TASK DESCRIPTION: Scan the entries below and return each line that contains "agent".

++++ RECORDED INFORMATION

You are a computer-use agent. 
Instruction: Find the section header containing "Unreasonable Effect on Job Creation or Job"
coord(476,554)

++++++++
++++ RECORDED INFORMATION

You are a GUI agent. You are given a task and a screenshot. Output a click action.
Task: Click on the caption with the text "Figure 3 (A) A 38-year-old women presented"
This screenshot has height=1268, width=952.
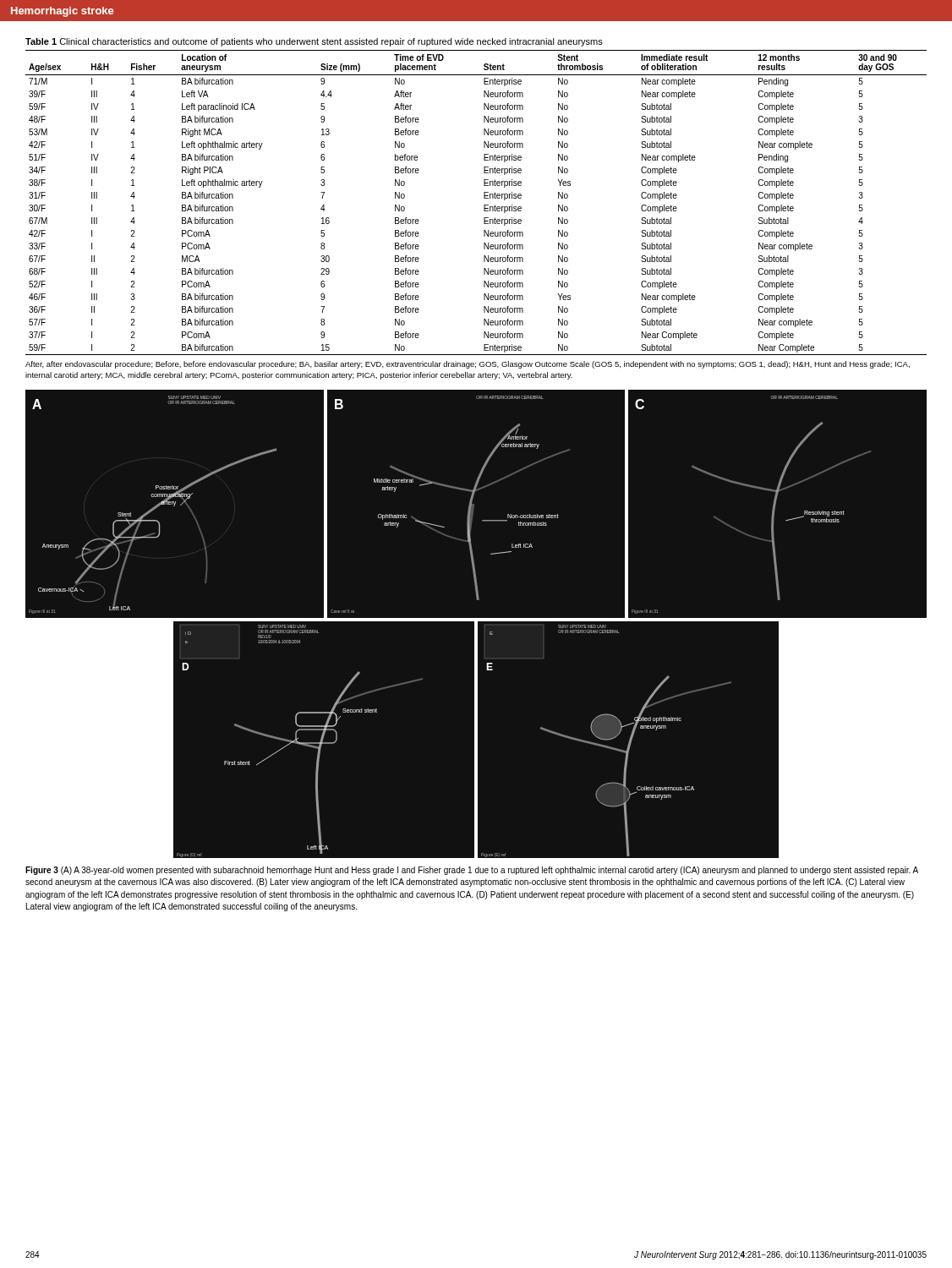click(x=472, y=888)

++++++++

ANSWER BOX:
You are a computer-use agent. 
You are a GUI agent. You are given a task and a screenshot. Output a click action.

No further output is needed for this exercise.